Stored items
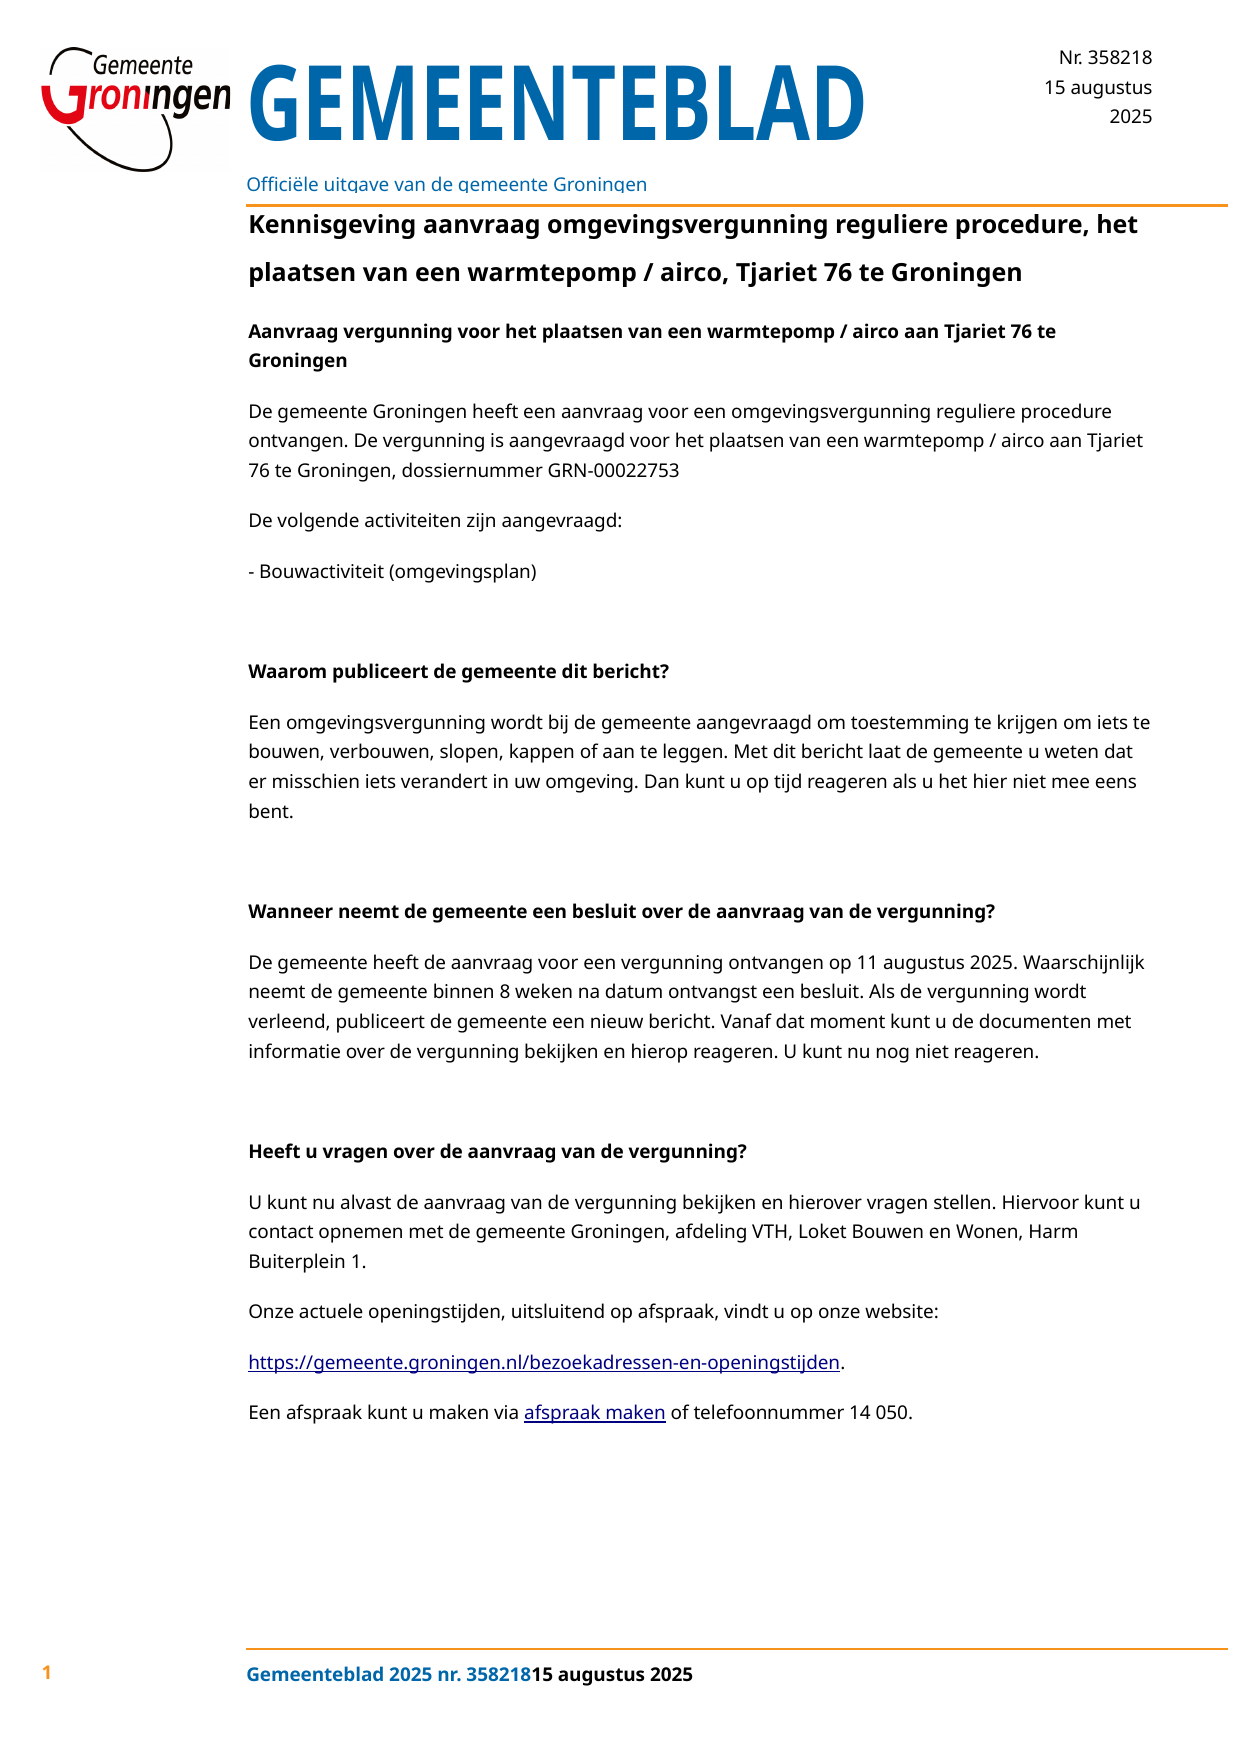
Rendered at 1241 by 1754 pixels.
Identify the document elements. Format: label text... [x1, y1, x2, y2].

text Een omgevingsvergunning wordt bij de gemeente aangevraagd om toestemming te krijgen om iets te bouwen, verbouwen, slopen, kappen of aan te leggen. Met dit bericht laat de gemeente u weten dat er misschien iets verandert in uw omgeving. Dan kunt u op tijd reageren als u het hier niet mee eens bent. [248, 709, 1152, 824]
text Wanneer neemt de gemeente een besluit over de aanvraag van de vergunning? [248, 899, 1152, 924]
text Aanvraag vergunning voor het plaatsen van een warmtepomp / airco aan Tjariet 76 te Groningen [248, 318, 1152, 373]
text Waarom publiceert de gemeente dit bericht? [248, 659, 1152, 684]
text Onze actuele openingstijden, uitsluitend op afspraak, vindt u op onze website: [248, 1299, 1152, 1324]
text https://gemeente.groningen.nl/bezoekadressen-en-openingstijden. [248, 1349, 1152, 1375]
text Een afspraak kunt u maken via afspraak maken of telefoonnummer 14 050. [248, 1399, 1152, 1425]
text Kennisgeving aanvraag omgevingsvergunning reguliere procedure, het plaatsen van een warmtepomp / airco, Tjariet 76 te Groningen [248, 207, 1152, 288]
text - Bouwactiviteit (omgevingsplan) [248, 558, 1152, 584]
text De gemeente heeft de aanvraag voor een vergunning ontvangen op 11 augustus 2025. Waarschijnlijk neemt de gemeente binnen 8 weken na datum ontvangst een besluit. Als de vergunning wordt verleend, publiceert de gemeente een nieuw bericht. Vanaf dat moment kunt u de documenten met informatie over de vergunning bekijken en hierop reageren. U kunt nu nog niet reageren. [248, 949, 1152, 1064]
text De volgende activiteiten zijn aangevraagd: [248, 507, 1152, 533]
picture [41, 47, 231, 172]
text De gemeente Groningen heeft een aanvraag voor een omgevingsvergunning reguliere procedure ontvangen. De vergunning is aangevraagd voor het plaatsen van een warmtepomp / airco aan Tjariet 76 te Groningen, dossiernummer GRN-00022753 [248, 398, 1152, 483]
text Heeft u vragen over de aanvraag van de vergunning? [248, 1139, 1152, 1164]
text U kunt nu alvast de aanvraag van de vergunning bekijken en hierover vragen stellen. Hiervoor kunt u contact opnemen met de gemeente Groningen, afdeling VTH, Loket Bouwen en Wonen, Harm Buiterplein 1. [248, 1189, 1152, 1274]

| THE PROBLEM |
Word for word, give back each entry from above, but skip any picture.

| THE COMPLETED TASK |
Rendered at 1241 by 1754 pixels.
Identify the document elements. Format: label text... [x1, y1, x2, y2].

text Een omgevingsvergunning wordt bij de gemeente aangevraagd om toestemming te krijgen om iets te bouwen, verbouwen, slopen, kappen of aan te leggen. Met dit bericht laat de gemeente u weten dat er misschien iets verandert in uw omgeving. Dan kunt u op tijd reageren als u het hier niet mee eens bent. [248, 709, 1152, 824]
text Wanneer neemt de gemeente een besluit over de aanvraag van de vergunning? [248, 899, 1152, 924]
text Aanvraag vergunning voor het plaatsen van een warmtepomp / airco aan Tjariet 76 te Groningen [248, 318, 1152, 373]
text Waarom publiceert de gemeente dit bericht? [248, 659, 1152, 684]
text Onze actuele openingstijden, uitsluitend op afspraak, vindt u op onze website: [248, 1299, 1152, 1324]
text https://gemeente.groningen.nl/bezoekadressen-en-openingstijden. [248, 1349, 1152, 1375]
text Een afspraak kunt u maken via afspraak maken of telefoonnummer 14 050. [248, 1399, 1152, 1425]
text Kennisgeving aanvraag omgevingsvergunning reguliere procedure, het plaatsen van een warmtepomp / airco, Tjariet 76 te Groningen [248, 207, 1152, 288]
text - Bouwactiviteit (omgevingsplan) [248, 558, 1152, 584]
text De gemeente heeft de aanvraag voor een vergunning ontvangen op 11 augustus 2025. Waarschijnlijk neemt de gemeente binnen 8 weken na datum ontvangst een besluit. Als de vergunning wordt verleend, publiceert de gemeente een nieuw bericht. Vanaf dat moment kunt u de documenten met informatie over de vergunning bekijken en hierop reageren. U kunt nu nog niet reageren. [248, 949, 1152, 1064]
text De volgende activiteiten zijn aangevraagd: [248, 507, 1152, 533]
picture [41, 47, 231, 172]
text De gemeente Groningen heeft een aanvraag voor een omgevingsvergunning reguliere procedure ontvangen. De vergunning is aangevraagd voor het plaatsen van een warmtepomp / airco aan Tjariet 76 te Groningen, dossiernummer GRN-00022753 [248, 398, 1152, 483]
text Heeft u vragen over de aanvraag van de vergunning? [248, 1139, 1152, 1164]
text U kunt nu alvast de aanvraag van de vergunning bekijken en hierover vragen stellen. Hiervoor kunt u contact opnemen met de gemeente Groningen, afdeling VTH, Loket Bouwen en Wonen, Harm Buiterplein 1. [248, 1189, 1152, 1274]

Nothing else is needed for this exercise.